The same conclusion may be drawn from another fact. The spelling of the Babylonian and Assyrian letters is in general extraordinarily correct. We meet, of course, with numerous colloquialisms which do not occur in the literary texts, and now and then with provincial expressions, but it is seldom that a word is incorrectly written. Even in the Tel-el-Amarna tablets, where all kinds of local pronunciation are reproduced, the orthography is usually faultless, in spite of the phonetic spelling. All this shows how carefully the writers must have been instructed at school. The correctness of the spelling in the Assyrian letters is really marvellous, especially when we consider all the difficulties of the cuneiform script, and what a tax it must have been to the memory to remember the multitudinous characters of the syllabary with their still more multitudinous phonetic and ideographic values. It gives us a high idea of the perfection to which the teachers' art had already been brought.
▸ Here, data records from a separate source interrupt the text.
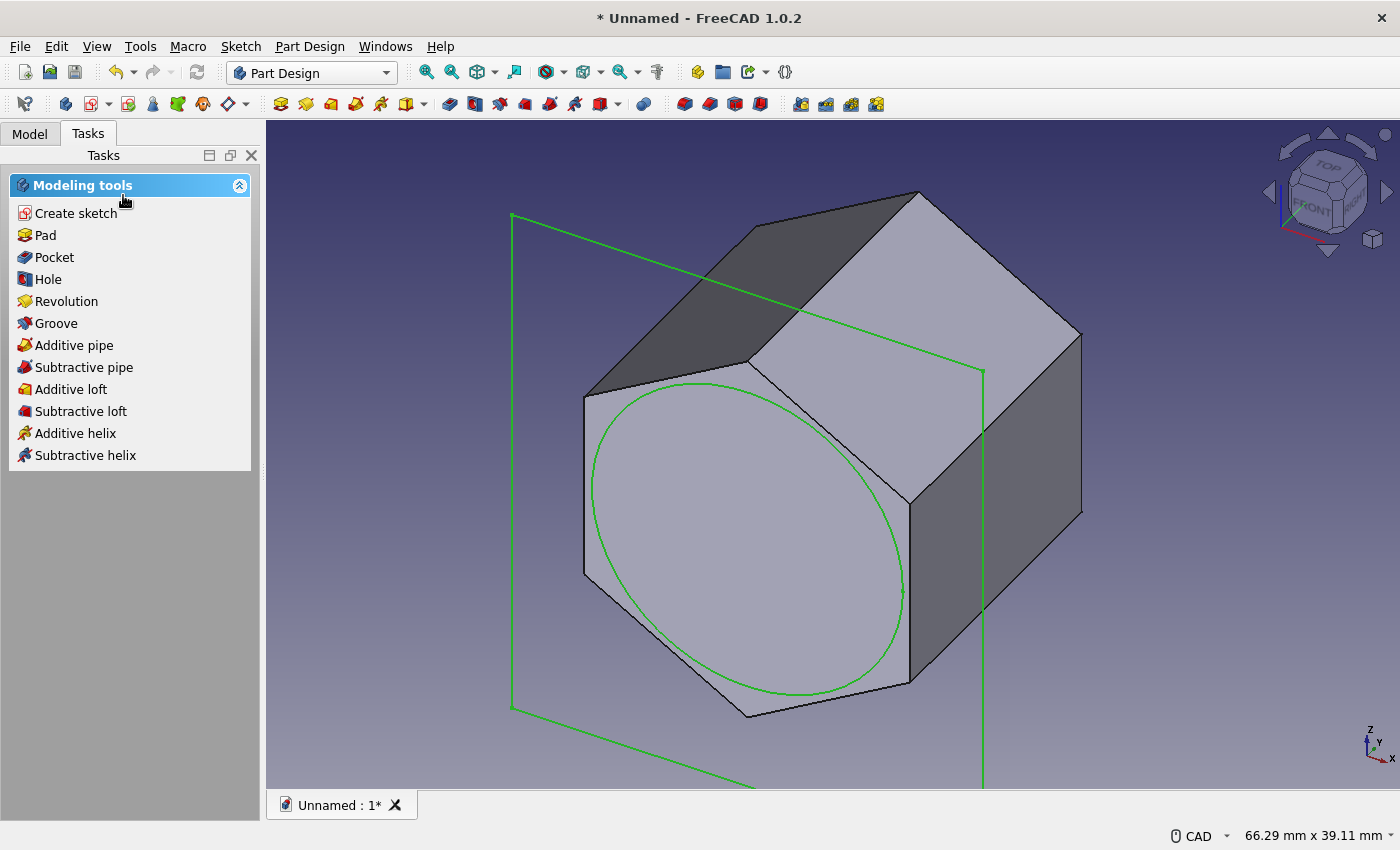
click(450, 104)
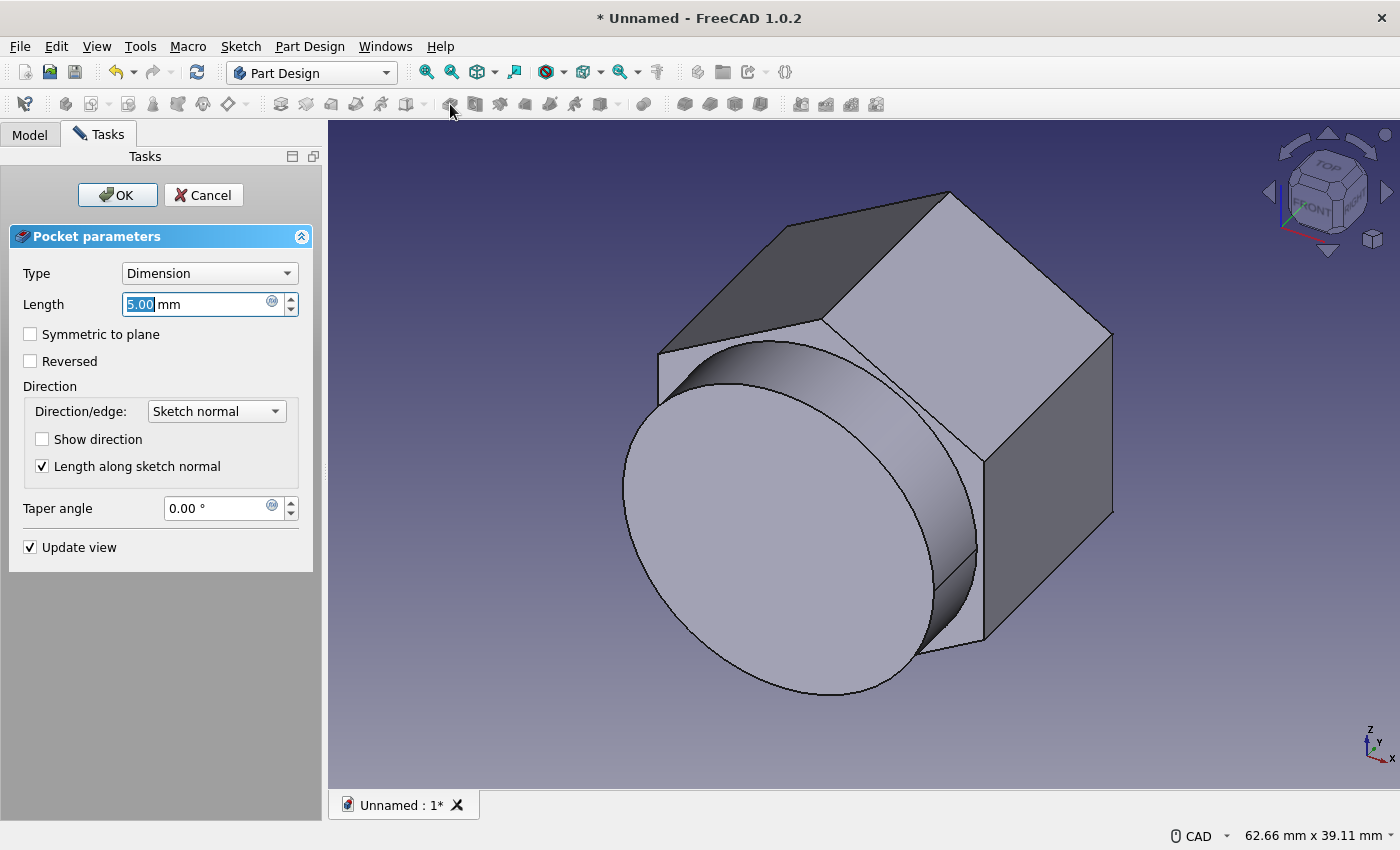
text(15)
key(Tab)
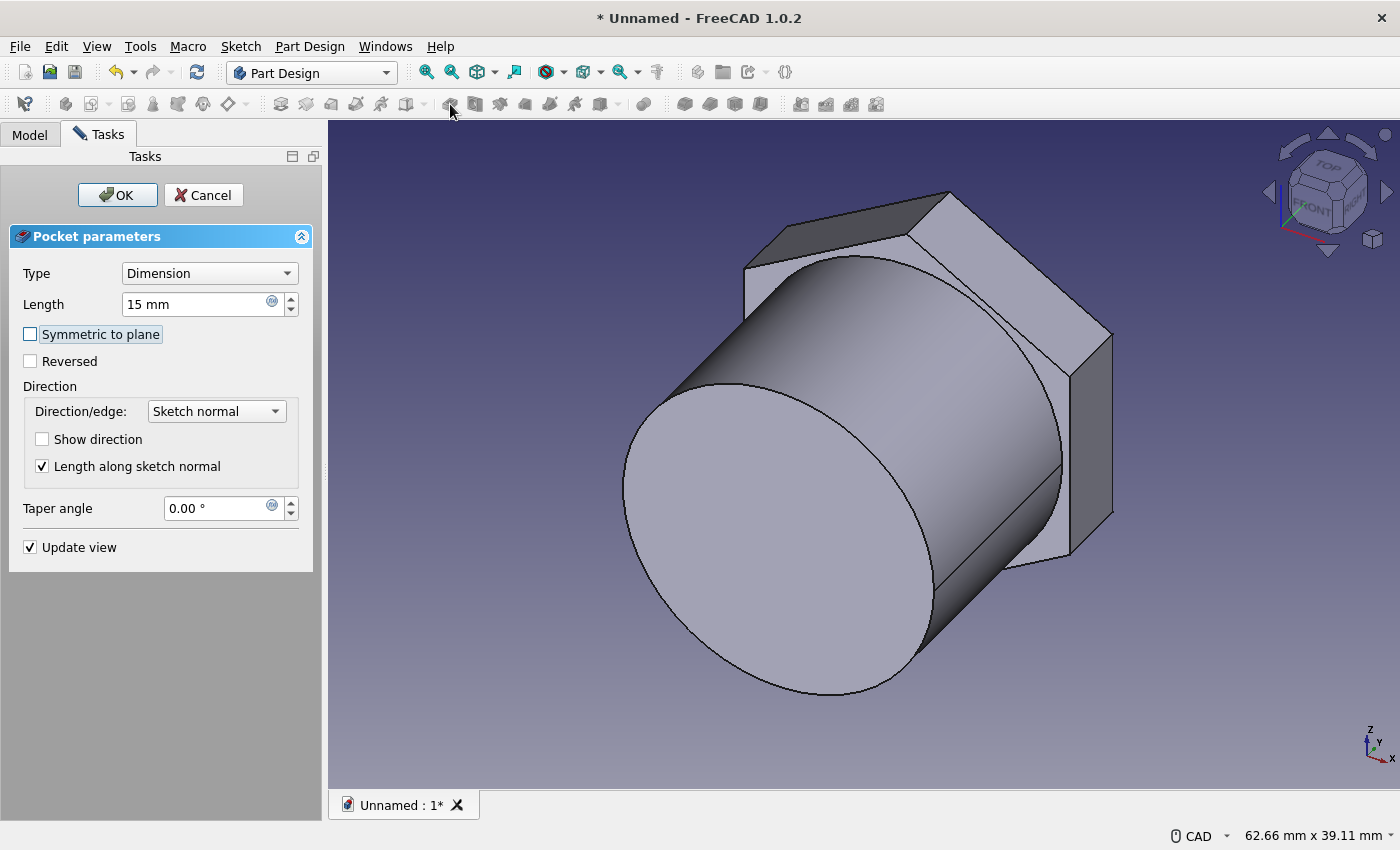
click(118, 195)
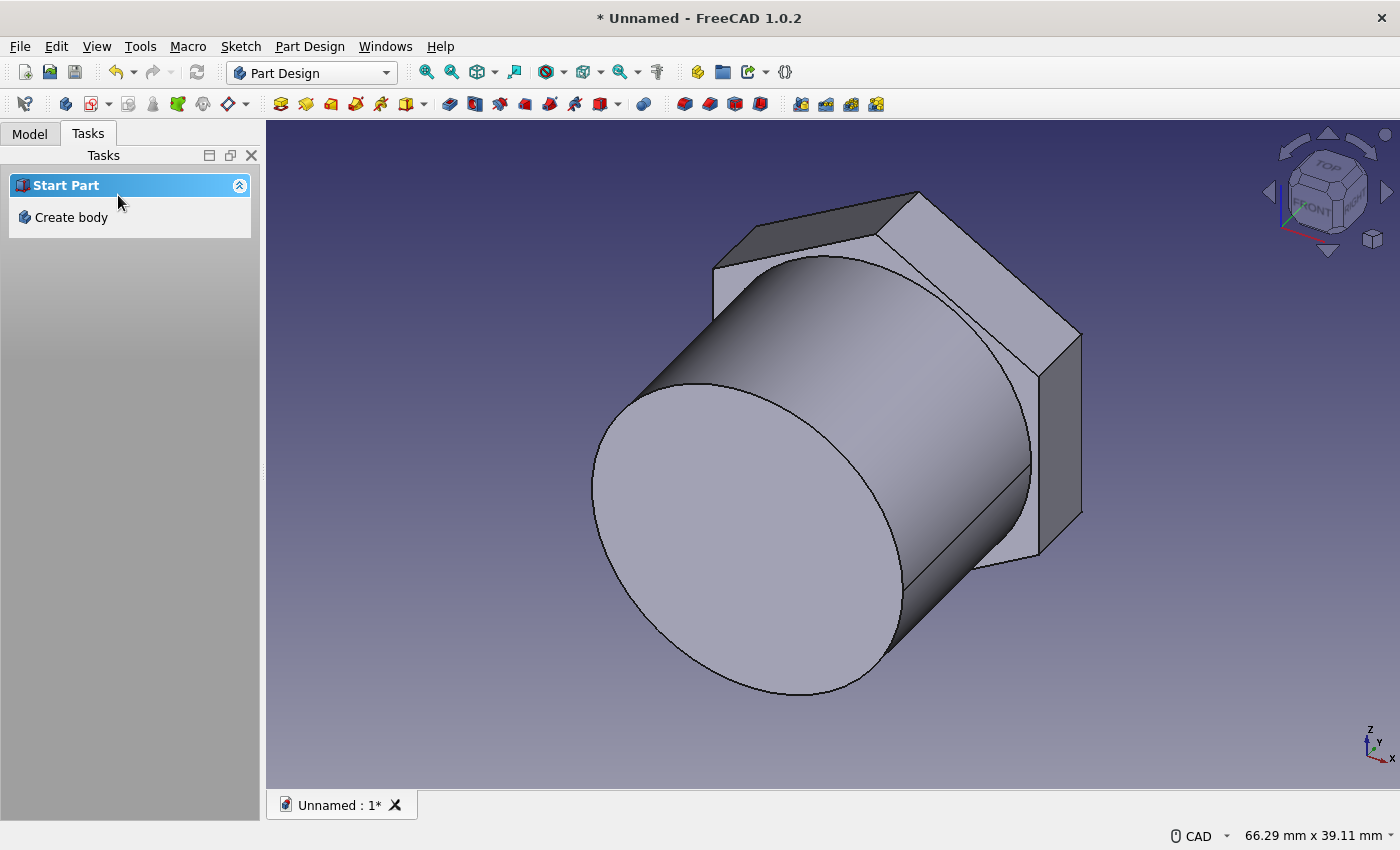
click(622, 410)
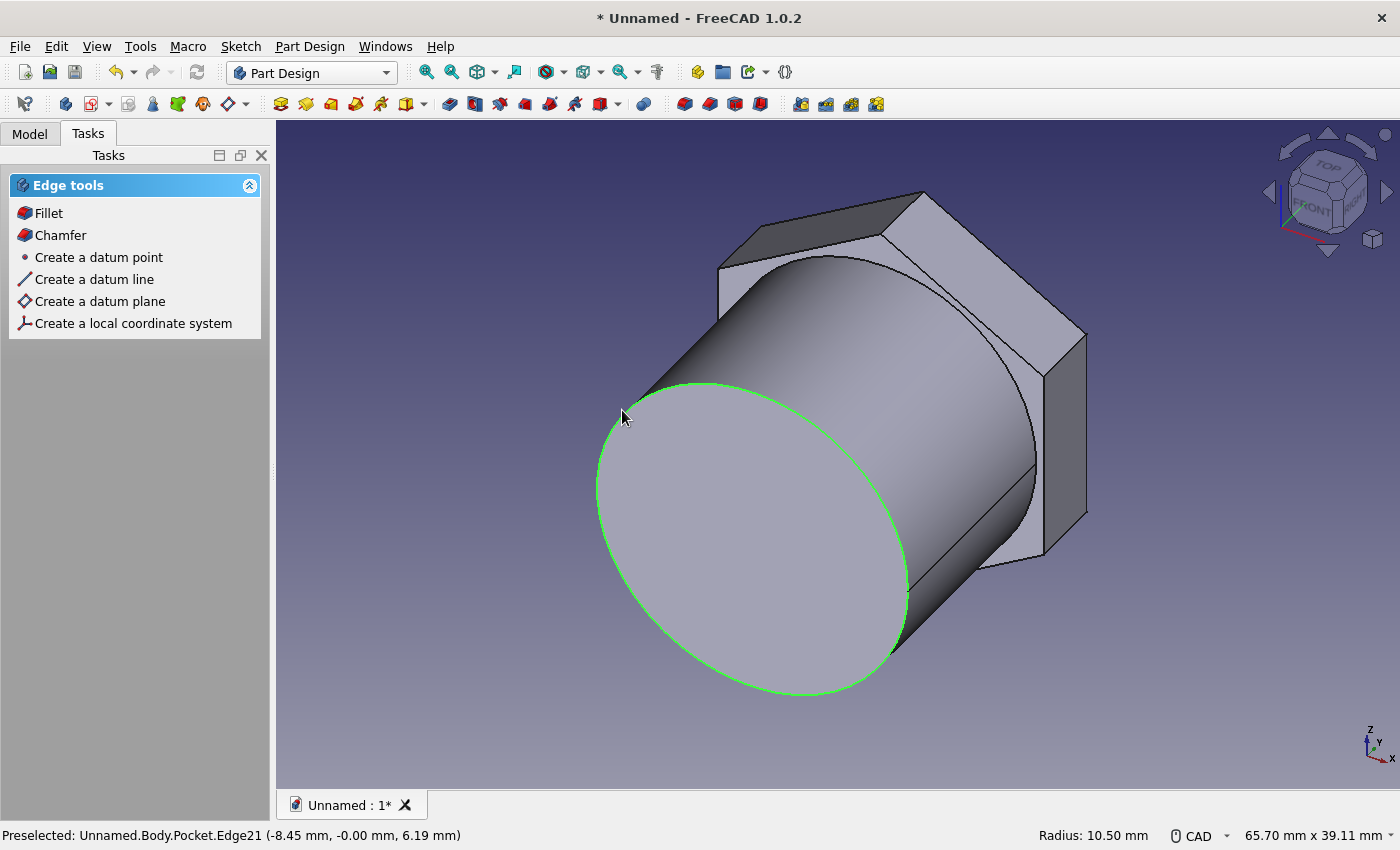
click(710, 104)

In Assyria, however, the writers usually belonged to the special class of scribes who employed the same conventional hand and devoted their lives to the acquisition of learning. It is probable that they acted as private secretaries as well as public clerks, and that consequently many of the letters which purport to come from other members of the community were really written by the professional scribes. But in Babylonia it is difficult to find any traces of the public or private letter-writer who is still so conspicuous a figure in the East. It is seldom if ever that the Babylonian, whoever he may be, betrays any ignorance of the art of reading and writing, and the endless variety of handwritings and the execrable character of many of them indicate pretty plainly that the aid of the professional letter-writer was rarely invoked. In a commercial community like that of Babylonia an ability to write was of necessity a matter of primary importance.
Chapter XI. Religion
As in other countries, so too in Babylonia, the official and the popular religion were not in all respects the same. In the popular faith older superstitions and beliefs still lingered which had disappeared from the religion of the state or appeared in it in another form. The place of the priest was in large measure taken by the sorcerer and the magician, the ceremonies of the public cult were superseded by charms and incantations, and the deities of the official creed were overshadowed by a crowd of subordinate spirits whose very existence was hardly recognized among the more cultured classes. The Babylonian was inordinately superstitious, and superstition naturally flourished most where education was least.